Il celebrante, P. Michele De Salvia, in italiano, spagnolo e inglese ha focalizzato la riflessione sul motto dell’Anno Scalabriniano «Fare patria dell’uomo il mondo” traducendo questo tema come un invito alla conversione, personale e sociale: una conversione dall’egoismo alla generosità; dalla chiusura alla comunione; dalla costruzione di muri alla creazione di ponti. Un cammino di conversione visualizzato con tre immagini o simboli: quella del viaggio, della frontiera e del passaporto.

Il viaggio nella Bibbia è un’immagine che ci parla di speranza, di vicinanza di Dio che cammina con il popolo. «Fare patria dell’uomo il mondo” significa convertire la mentalità egoistica di considerare i viaggianti (soprattutto i poveri migranti e profughi) come degli outsider, degli Ausländer, come qualcuno che non appartiene qui. Perché apparteniamo tutti al qui ed ora.

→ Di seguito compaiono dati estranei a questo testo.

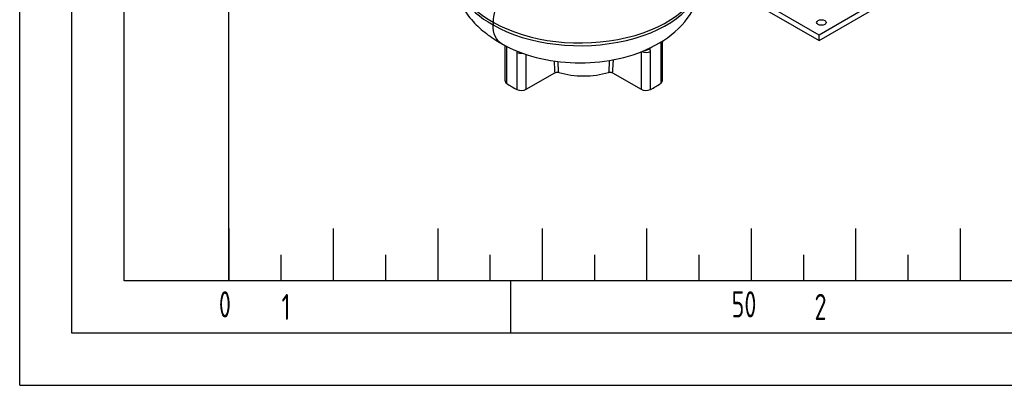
# Model space of a CAD drawing. Header units: millimetres. Extents: x 0 to 5940, y 0 to 4200.
# Tile 1 of 54: x 0 to 942, y 0 to 350. Entities that reach past the tile are written whole.
import ezdxf

# ---------------------------------------------------------------- set-up
doc = ezdxf.new("R2010")
doc.units = ezdxf.units.MM
doc.header["$LTSCALE"] = 50
doc.layers.get('0').update_dxf_attribs({"linetype": 'CONTINUOUS'})
doc.layers.add('02-LINIE-035', color=2, linetype='CONTINUOUS')
doc.layers.add('KSB-BLATTRAND', color=2, linetype='CONTINUOUS')
doc.styles.get("Standard").update_dxf_attribs({"font": 'ISOCP.SHX'})

# ---------------------------------------------------------------- blocks, each defined once
blk = doc.blocks.new('Rahmen_A2')
at = {"color": 1, "ltscale": 150}
for p, q in [((0, 0), (0, 420)), ((10, 10), (10, 410)), ((20, 10), (20, 297)), ((584, 10), (10, 10)), ((0, 0), (594, 0))]:
    blk.add_line(p, q, dxfattribs=at)
at = {"layer": 'KSB-BLATTRAND'}
for p, q in [((5, 5), (5, 415)), ((20, 15), (20, 10)), ((20, 15), (20, 10)), ((30, 15), (30, 10)), ((40, 15), (40, 10)), ((50, 15), (50, 10)), ((60, 15), (60, 10)), ((70, 15), (70, 10)), ((80, 15), (80, 10)), ((90, 15), (90, 10)), ((25, 12.5), (25, 10)), ((35, 12.5), (35, 10)), ((45, 12.5), (45, 10)), ((55, 12.5), (55, 10)), ((65, 12.5), (65, 10)), ((75, 12.5), (75, 10)), ((85, 12.5), (85, 10)), ((47, 5), (47, 10)), ((589, 5), (5, 5))]:
    blk.add_line(p, q, dxfattribs=at)
at = {"layer": 'KSB-BLATTRAND', "width": 0.75}
for s, p in [('0', (19.0625, 6.5)), ('1', (25.0625, 6.25)), ('50', (68.125, 6.5)), ('2', (76.0625, 6.25))]:
    blk.add_text(s, height=2.5, dxfattribs=at).set_placement(p)

msp = doc.modelspace()

# ---------------------------------------------------------------- linework, layer by layer
at = {"layer": '02-LINIE-035'}
for p, q in [((653.43, 394.34), (764.95, 329.96)), ((764.95, 335.26), (667.92, 391.28)), ((856.87, 388.34), (764.95, 335.26)), ((764.95, 329.96), (856.87, 383.03)), ((452.99, 347.67), (452.99, 345.01)), ((764.95, 329.96), (764.95, 335.26)), ((464.45, 291.31), (464.45, 325.27)), ((466.04, 288.85), (466.04, 324.26)), ((613.42, 325.8), (613.42, 288.85)), ((615.01, 291.31), (615.01, 328.25)), ((475.89, 318.67), (475.89, 283.16)), ((484.74, 283.35), (484.74, 316.59)), ((594.72, 319.18), (594.72, 283.35)), ((603.57, 283.16), (603.57, 319.58)), ((484.74, 283.35), (512.06, 299.12)), ((567.4, 299.12), (594.72, 283.35))]:
    msp.add_line(p, q, dxfattribs=at)
for centre, major_axis, ratio, start_param, end_param in [((542.58, 401.47), (-129.27, 0), 0.57735, 0, 0.805133), ((542.58, 398.82), (-129.27, 0), 0.57735, 0, 0.805133), ((536.17, 395.38), (117.26, 0), 0.57735, 3.923783, 6.283185), ((536.17, 392.73), (117.26, 0), 0.57735, 3.923783, 6.283185), ((470.95, 326.72), (6.5, 0), 0.57735, 3.689692, 3.855501), ((598.68, 325.48), (-5.84, -2.86), 0.737727, 1.035929, 1.970123), ((608.51, 328.25), (6.5, 0), 0.57735, 5.569277, 6.283185), ((480.14, 321.51), (-6.5, 0), 0.57735, 0.856888, 1.739778), ((599.31, 322.42), (-6.5, 0), 0.57735, 0.918971, 2.284705), ((539.73, 325.71), (-51.35, 0), 0.57735, 1.087641, 2.053952), ((470.95, 291.31), (-6.5, 0), 0.57735, 0, 0.713909), ((539.73, 325.71), (97.5, 0), 0.57735, 3.855501, 3.99848), ((480.14, 286), (6.5, 0), 0.57735, 3.99848, 5.497787), ((599.31, 286), (6.5, 0), 0.57735, 3.926991, 5.426298), ((539.73, 325.71), (97.5, 0), 0.57735, 5.426298, 5.569277), ((608.51, 291.31), (6.5, 0), 0.57735, 5.569277, 6.283185)]:
    msp.add_ellipse(centre, major_axis=major_axis, ratio=ratio, start_param=start_param, end_param=end_param, dxfattribs=at)
msp.add_ellipse((767.24, 347.21), major_axis=(4.55, 0), ratio=0.57735, dxfattribs=at)
for points, knots in [([(413.3, 398.82), (413.3, 392.39), (414.22, 385.96), (417.65, 373.78), (420.15, 368.04), (426.26, 357.49), (429.86, 352.68), (437.78, 343.97), (442.11, 340.06), (451.25, 333.05), (456.06, 329.94), (461.08, 327.15)], [2.3561945, 2.3561945, 2.3561945, 2.3561945, 2.5174501, 2.5174501, 2.6787056, 2.6787056, 2.8399612, 2.8399612, 3.0012168, 3.0012168, 3.1611842, 3.1611842, 3.1611842, 3.1611842]), ([(460.96, 327.22), (471.29, 321.21), (482.52, 316.82), (506.36, 310.63), (519, 308.93), (544.23, 308.28), (556.82, 309.31), (581.27, 314.12), (593.13, 317.93), (615.09, 328.73), (625.27, 335.7), (640.77, 352.47), (646.65, 361.6), (652.25, 378.66), (653.43, 385.69), (653.43, 392.73)], [3.137157, 3.137157, 3.137157, 3.137157, 3.504275, 3.504275, 3.882642, 3.882642, 4.255877, 4.255877, 4.632619, 4.632619, 5.007396, 5.007396, 5.310386, 5.310386, 5.497787, 5.497787, 5.497787, 5.497787]), ([(466.66, 380.01), (464, 377.1), (461.59, 373.76), (457.47, 366.48), (455.82, 362.6), (453.57, 354.88), (452.99, 351.12), (452.99, 347.67)], [-5.813817, -5.813817, -5.813817, -5.813817, -3.906261, -3.906261, -1.953101, -1.953101, 0, 0, 0, 0]), ([(460.96, 327.22), (460.93, 327.24), (460.9, 327.25), (458.37, 328.75), (456.39, 331.08), (453.68, 337.17), (452.99, 340.87), (452.99, 345.01)], [-4.713802, -4.713802, -4.713802, -4.713802, -4.687511, -4.687511, -2.343722, -2.343722, 0, 0, 0, 0]), ([(603.57, 319.58), (603.57, 319.73), (603.57, 319.87), (603.55, 320.24), (603.53, 320.46), (603.45, 321.01), (603.38, 321.34), (603.18, 322), (603.05, 322.33), (602.89, 322.62)], [0, 0, 0, 0, 0.0810944, 0.0810944, 0.2108454, 0.2108454, 0.4184469, 0.4184469, 0.648755, 0.648755, 0.648755, 0.648755]), ([(613.76, 328.64), (613.71, 328.46), (613.68, 328.28), (613.57, 327.69), (613.51, 327.3), (613.45, 326.68), (613.44, 326.45), (613.42, 326.08), (613.42, 325.94), (613.42, 325.8)], [0.1309826, 0.1309826, 0.1309826, 0.1309826, 0.2232634, 0.2232634, 0.4245148, 0.4245148, 0.550297, 0.550297, 0.6289109, 0.6289109, 0.6289109, 0.6289109]), ([(615.13, 329.51), (615.12, 329.45), (615.11, 329.39), (615.08, 329.19), (615.06, 329.05), (615.03, 328.8), (615.02, 328.68), (615.01, 328.45), (615.01, 328.35), (615.01, 328.25)], [0.1998642, 0.1998642, 0.1998642, 0.1998642, 0.2515644, 0.2515644, 0.3773465, 0.3773465, 0.5031287, 0.5031287, 0.6289109, 0.6289109, 0.6289109, 0.6289109]), ([(475.98, 319.84), (475.95, 319.69), (475.93, 319.55), (475.91, 319.25), (475.9, 319.1), (475.89, 318.86), (475.89, 318.77), (475.89, 318.67)], [0.1997599, 0.1997599, 0.1997599, 0.1997599, 0.2893012, 0.2893012, 0.3750201, 0.3750201, 0.4285944, 0.4285944, 0.4285944, 0.4285944]), ([(567.4, 299.12), (567.53, 301.12), (567.66, 303.13), (567.94, 307.28), (568.08, 309.41), (568.22, 311.55)], [0.50134, 0.50134, 0.50134, 0.50134, 1.681639, 1.681639, 2.940103, 2.940103, 2.940103, 2.940103]), ([(511.32, 310.34), (511.43, 308.6), (511.55, 306.87), (511.79, 303.13), (511.92, 301.12), (512.06, 299.12)], [2.035302, 2.035302, 2.035302, 2.035302, 3.055992, 3.055992, 4.23567, 4.23567, 4.23567, 4.23567]), ([(515.87, 299.45), (515.74, 301.52), (515.61, 303.58), (515.38, 307.04), (515.3, 308.43), (515.21, 309.82)], [-4.270642, -4.270642, -4.270642, -4.270642, -3.055992, -3.055992, -2.237888, -2.237888, -2.237888, -2.237888]), ([(564.32, 310.85), (564.21, 309.12), (564.1, 307.38), (563.85, 303.58), (563.72, 301.52), (563.58, 299.45)], [-2.702742, -2.702742, -2.702742, -2.702742, -1.681639, -1.681639, -0.466368, -0.466368, -0.466368, -0.466368]), ([(512.06, 299.12), (512.36, 299.29), (512.71, 299.43), (513.5, 299.62), (513.92, 299.67), (514.61, 299.67), (514.87, 299.65), (515.39, 299.58), (515.64, 299.53), (515.87, 299.45)], [0, 0, 0, 0, 0.1963323, 0.1963323, 0.3923904, 0.3923904, 0.5148536, 0.5148536, 0.6372501, 0.6372501, 0.6372501, 0.6372501]), ([(563.58, 299.45), (563.96, 299.57), (564.37, 299.64), (565.21, 299.68), (565.64, 299.66), (566.3, 299.54), (566.54, 299.48), (567, 299.32), (567.21, 299.23), (567.4, 299.12)], [0, 0, 0, 0, 0.195015, 0.195015, 0.3905394, 0.3905394, 0.5138475, 0.5138475, 0.6371954, 0.6371954, 0.6371954, 0.6371954])]:
    msp.add_open_spline(points, degree=3, knots=knots, dxfattribs=at)
for points in [[(466.04, 324.26), (466.04, 324.32), (466.04, 324.38), (466.04, 324.43)], [(602.89, 322.62), (602.84, 322.64), (602.79, 322.65), (602.74, 322.66)], [(602.89, 322.62), (603.63, 323.01), (604.36, 323.41), (605.08, 323.81)]]:
    msp.add_open_spline(points, degree=3, dxfattribs=at)

# ---------------------------------------------------------------- block references
at = {"layer": 'KSB-BLATTRAND', "xscale": 10, "yscale": 10, "zscale": 10}
msp.add_blockref('Rahmen_A2', (0, 0), dxfattribs=at)

doc.saveas('drawing.dxf')

La frontiera. È immediato pensare alla frontiera come luogo di separazione, di divisione, di distacco (a Basilea conosciamo bene la frontiera, perché c’è il Dreiländereck, abbiamo tre frontiere). Ma facciamo attenzione, perché quando c’è divisione, c’è inimicizia e rivalità. Cristo è venuto a riconciliare, a stabilire la pace, tra Dio e gli uomini, tra ebrei e pagani. Il cammino di conversione significa arrivare a vedere il confine non come una linea che l’altro non deve attraversare (perché mi toglie il lavoro, mi toglie la tranquillità…), ma come un luogo di prossimità e di incontro, come un luogo oltre il quale posso incontrare qualcuno che mi arricchisce, mi cambia, mi rende migliore… magari dandogli un bicchiere d’acqua, visitandolo, accogliendolo. La conversione è attraversare le linee di demarcazione per mettersi nei panni dell’altro.

Il passaporto ci dice chi siamo. È qualcosa che esprime la nostra identità. Ma non è raro che il passaporto diventi motivo di discriminazione. Il colore del passaporto conta quando si tratta di viaggiare o di attraversare una frontiera. Fare un cammino di conversione per noi stessi e per la società significa arrivare ad accogliere, difendere, promuovere e valorizzare il volto dell’altro, indipendentemente dal colore, dal paese, dai timbri sul suo passaporto. La conversione rende i nostri occhi capaci di vedere che l’identità dell’altro ha lo stesso valore della mia, perché insieme, in Dio, formiamo una costruzione armoniosa. 

La riflessione si è concretizzata nei canti e nelle preghiere che invitavano al viaggio insieme, attraversando la frontiera dell’egoismo e mostrando il passaporto della fraternità. Una fraternità condivisa, dopo la celebrazione, nella sala parrocchiale Beato Giovanni Battista Scalabrini.